CONFESSIONS

It’s impossible to convey the full significance of this revamped website without resorting to personal anecdotes.

Point in fact it’s been almost six years since the last time I ventured into the blogging realm determined to kick ass and take names. By nature I’m anti-corporatist and that leads me into conflict with nearly everyone I encounter both in the real and digital worlds. Ideological types irritate me as much as the ill-informed. That fact hasn’t changed but the current circumstances have. I too have changed. I am (at least I hope I am) less abrasive and less interested in engaging in shouting matches with those I disagree with. Better to use a sword than a cudgel though the latter might be far more satisfying.   

Back in 2011 I was a paid stooge for a large financial services firm. My day-job called for me to sell vast quantities of fake money and feudal style contracts to people who simply wanted to live their lives with a sense of dignity and security. In the Dickensian world of selling money those most in need of capital were turned away as being “unqualified”. These included entrepreneurs, small business owners and households regaining their feet after the 2008 Recession. Rather than investing in the drivers of real economic growth – businesses, industry and creativity – my colleagues and I were directed to sell modern day feudal oaths: residential mortgages.

It is my considered opinion that of all the financial products available it is the mortgage which appeals most to the narrow minded, unimaginative types who control the banking sector. The reason is simple. Mortgages are easily created and not subject to the risks of meaningful investment. All a financial services adviser has to do is push buttons on a computer and presto!- they’ve created money where none existed before.

Second, and enhancing the god-like feeling that comes with creating fictitious money, a mortgage is a highly structured contract that legally enslaves a human being’s time and real earning power for decades in order that said fictional money be paid back with interest. If this seems melodramatic, consider how much time, energy and wealth would be freed up in the society were it not for the financial debt industry.

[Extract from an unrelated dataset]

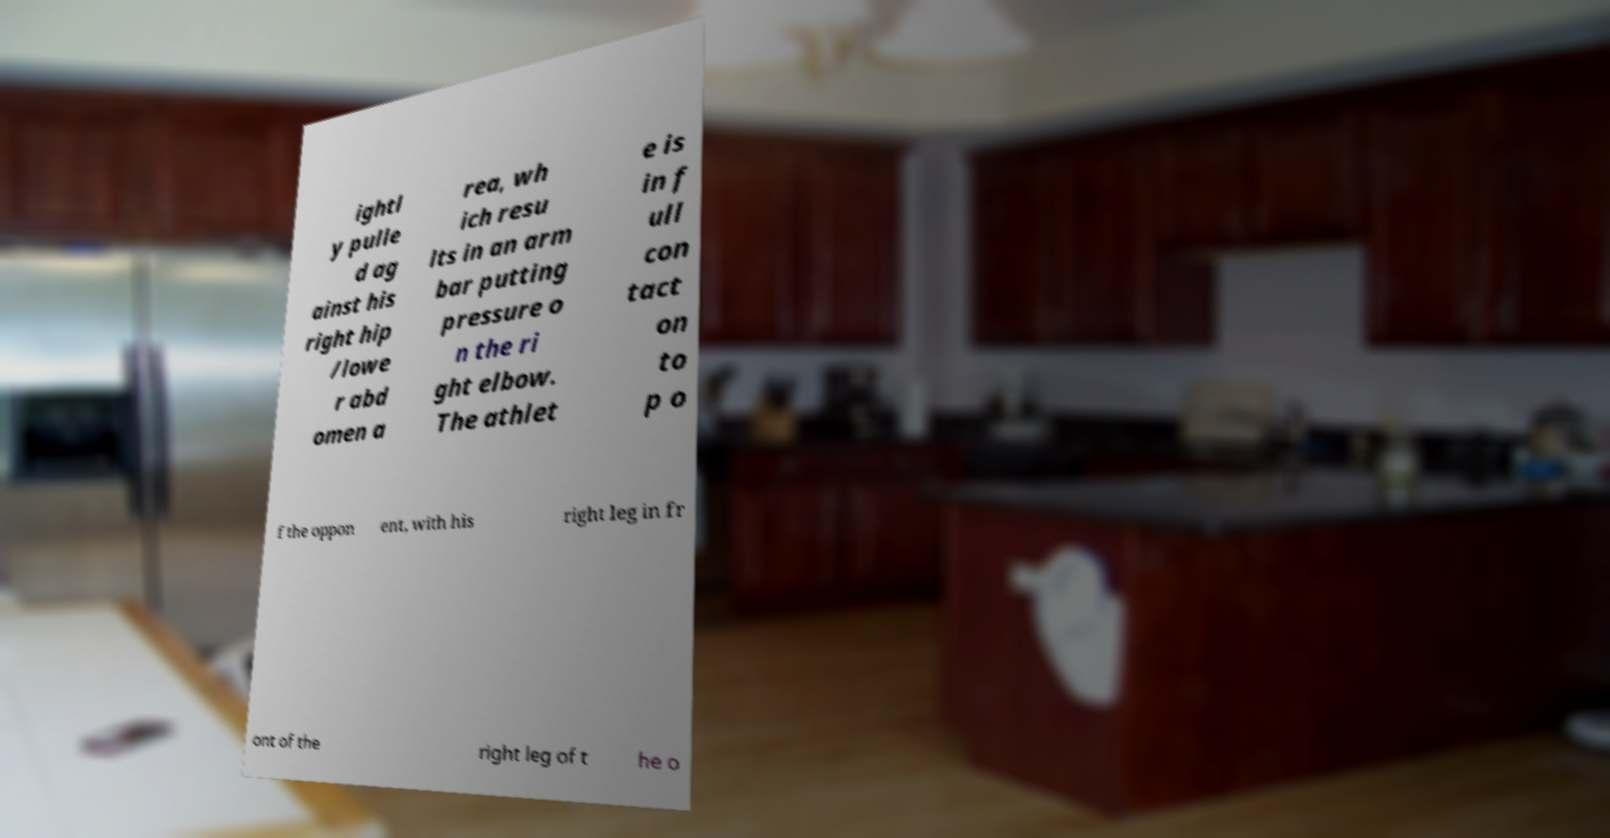Can you read and provide the text displayed in the image?This photo seems to have some interesting text. Can you extract and type it out for me? ightl y pulle d ag ainst his right hip /lowe r abd omen a rea, wh ich resu lts in an arm bar putting pressure o n the ri ght elbow. The athlet e is in f ull con tact on to p o f the oppon ent, with his right leg in fr ont of the right leg of t he o 
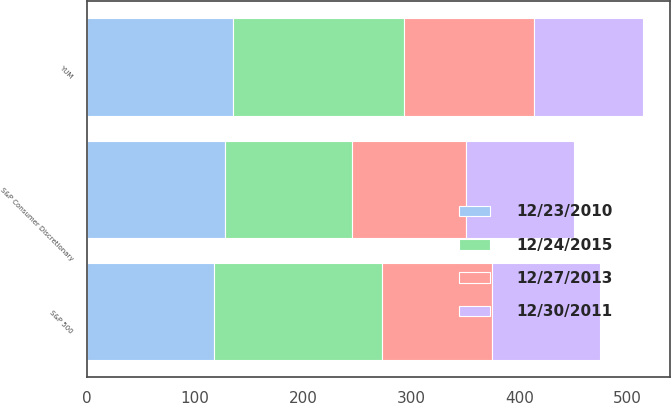Convert chart. <chart><loc_0><loc_0><loc_500><loc_500><stacked_bar_chart><ecel><fcel>YUM<fcel>S&P 500<fcel>S&P Consumer Discretionary<nl><fcel>12/30/2011<fcel>100<fcel>100<fcel>100<nl><fcel>12/27/2013<fcel>121<fcel>102<fcel>106<nl><fcel>12/23/2010<fcel>135<fcel>117<fcel>128<nl><fcel>12/24/2015<fcel>158<fcel>156<fcel>117<nl></chart>

Needless to say I loathed that job.

                      *

You might be wondering why I was in a career that I hated. The answer is that I had to make a living somehow. After graduation I worked as a substitute teacher then as a senior barman in a night club. Financial services offered a better income and the promise of greater job satisfaction. And hell we all make mistakes. With hindsight, in 2011 I should have known better. I had a tendency of hanging on to professional and personal relationships that made me unhappy and my job wasn’t any different in that regard. However it did pay well and let’s face it: we’ve all worked shitty jobs in order to get by.

In order to wash away the unclean feeling caused by my average work-day I spent my evenings writing short stories, blogs and commentaries on all manner of topics that interested me. My output was impressive – usually around seven thousand words a day. Anthony Trollope had nothing on me for per diem word count!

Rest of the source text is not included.